Second, since theology is a Churchly activity, it is necessary to pay attention to the whole Church as she has listened to Scripture, throughout history, and across the globe: true theology is catholic. The foot must not say to the hand, ‘I do not need you’, nor should the ear withdraw from the body because it is not an eye. God has placed us downstream from the historic creeds, councils, theologians, exegetes, liturgies, and prayers of the Church; and he has done so for a reason. They are our inheritance, given to us for our good.

Third, since theology seeks to serve the Church today (and not to equip pastors simply to face anything the seventeenth century could throw at them!), it is necessary for it to pay close attention to the world(s) the Church inhabits, and, in conversation with the whole Church, to apply the truths of Scripture to the issues of today. Theology must be contemporary, and must seek to aid the Church in mining the insights of the different eras in her history and her different locations around the globe, in order to bring them to bear forcefully on the situation in which she now finds herself. Karl Barth commented on Calvin the commentator thus:

[H]ow energetically Calvin, having first established what stands in the text, sets himself to re-think the whole material and to wrestle with it, till the walls which separate the sixteenth century from the first become transparent! Paul speaks, and the man of the sixteenth century hears. The conversation between the original record and the reader moves round the subject-matter, until a distinction between yesterday and to-day becomes impossible. (Karl Barth, The Epistle to the Romans, 6th edn, trans. Edwyn C. Hoskyns (London: OUP, 1933), 7.)

Would that this were true of every exegete, every theologian, every preacher. It is vital that this should be true of the Church as she wrestles with Scripture today; it ought also to be true as she engages with her own history: Augustine speaks, and the men, women, and children of the twenty-first century hear.

...reformata...

Ecclesia Reformanda is committed to the ecumenical creeds, and to historic Reformed theology, as expressed in documents such as the Three Forms of Unity (Belgic Confession, Heidelberg Catechism, and Canons of Dort), the Westminster Standards, the First and Second Helvetic Confessions, and the 39 Articles of the Church of England. This is no mere idiosyncrasy, but stems from the journal’s desire to be faithful to Scripture: it is the firm belief of the editorial board that Reformed theology has value precisely because it is the most biblical theology.

That said, it must be acknowledged that Reformed orthodoxy is diverse. Within certain confessional boundaries, there is room for charitable, cheerful, disagreement and discussion. The Reformed tradition has never been monolithic; any honest engagement with the tradition makes it clear that there is much variety. Indeed, a document such as the Westminster Confession, to take but one obvious example, is precisely a consensus document, designed in a number of places to allow differing views among its subscribers. This is no less true in the wider Reformed tradition.
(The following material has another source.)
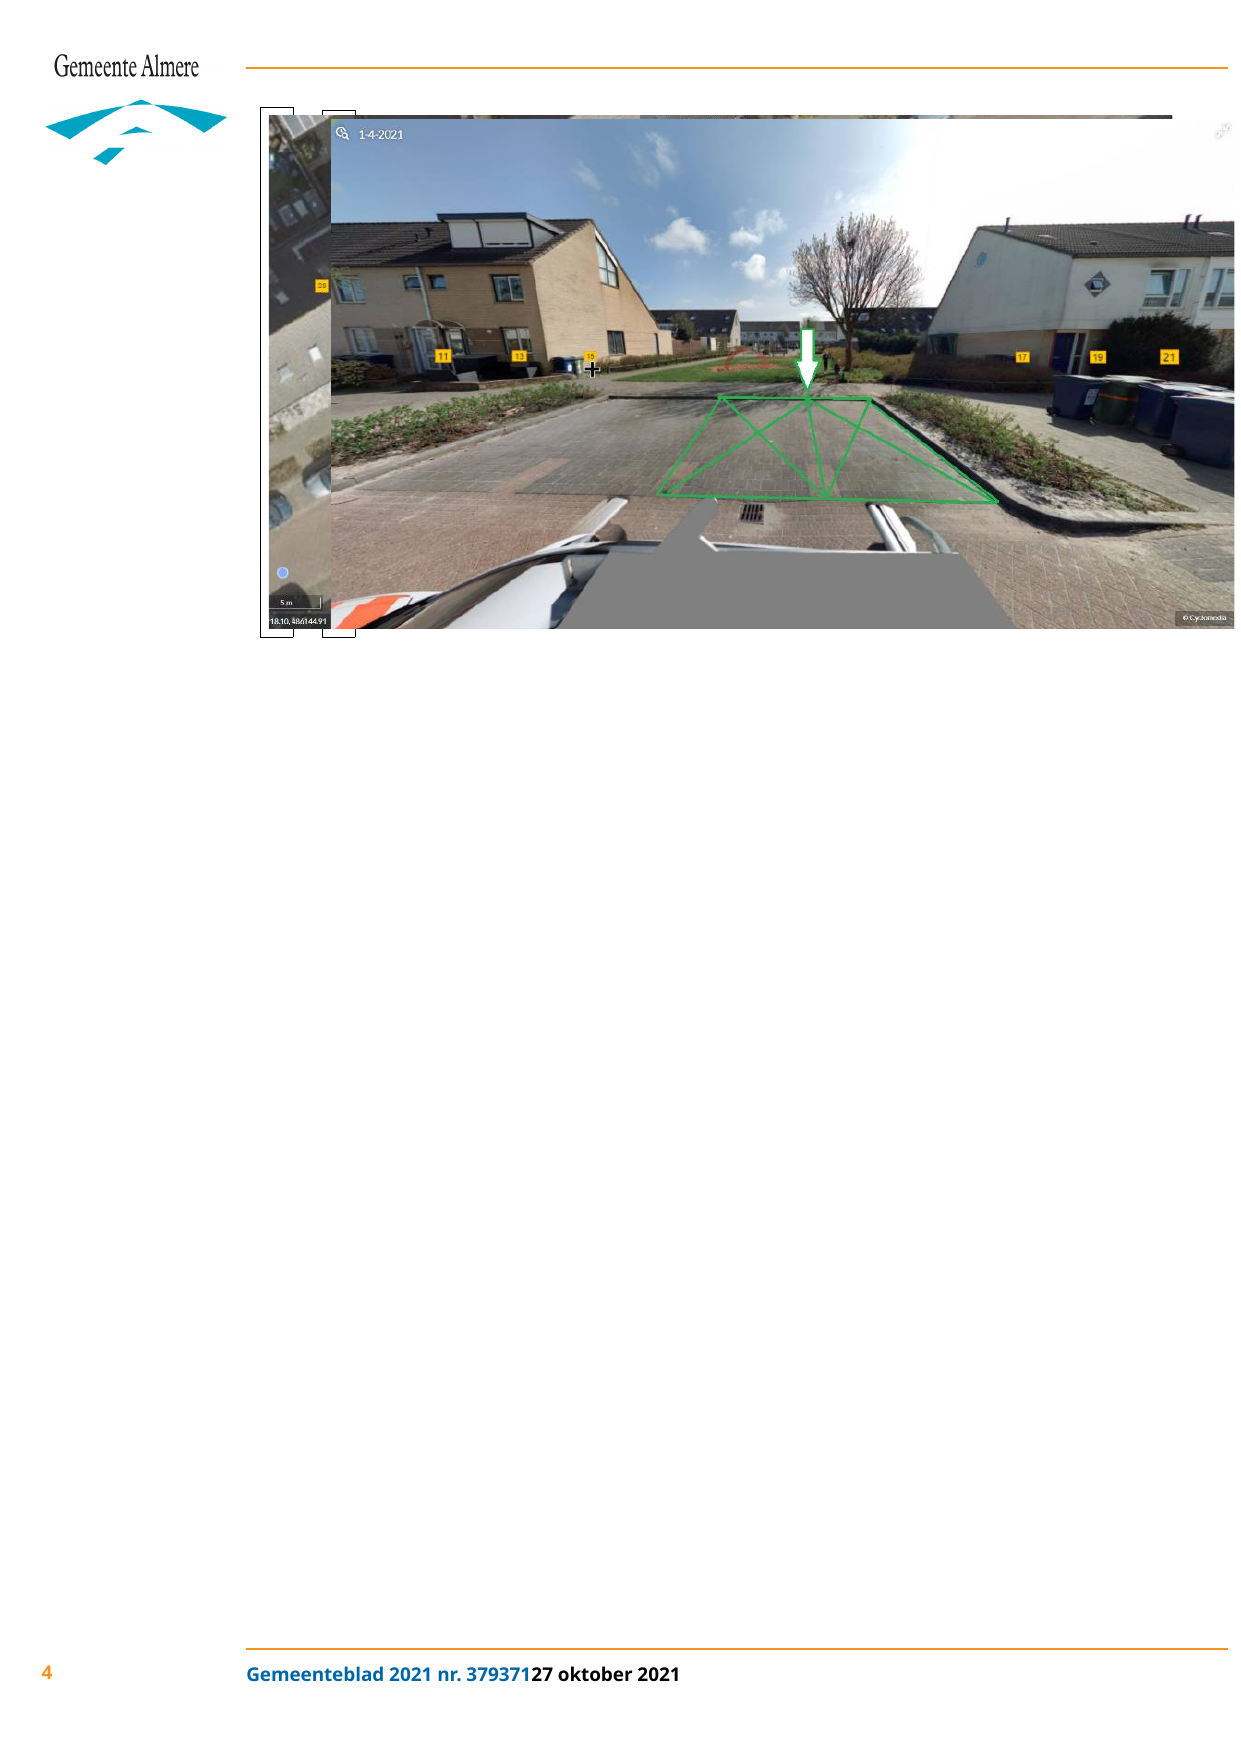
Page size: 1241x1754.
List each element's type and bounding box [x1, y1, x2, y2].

picture [41, 47, 231, 172]
picture [268, 115, 1235, 629]

To take some examples, more or less at random, Reformed confessions and theologians have tolerated diversity on: the order of the divine decrees; the precise definition of a covenant; the existence, or not, of an eternal intra-trinitarian covenant; whether the prelapsarian covenant with Adam was gracious or strictly meritorious, or indeed whether there was a covenant with Adam at all; the precise relationship of the Mosaic covenant to the covenant with Adam; the relationship of covenant and election; whether or not Christ’s active obedience is imputed to the believer in justification; the instrumentality of the sacraments in conveying God’s grace to worthy receivers; the validity and usefulness of a law-gospel hermeneutic; the use of the Mosaic Law in regulating the civil laws of modern nation states; apologetic methodology (‘classical’ or presuppositional?); and issues of eschatology (preterism? a- or post-millennialism?).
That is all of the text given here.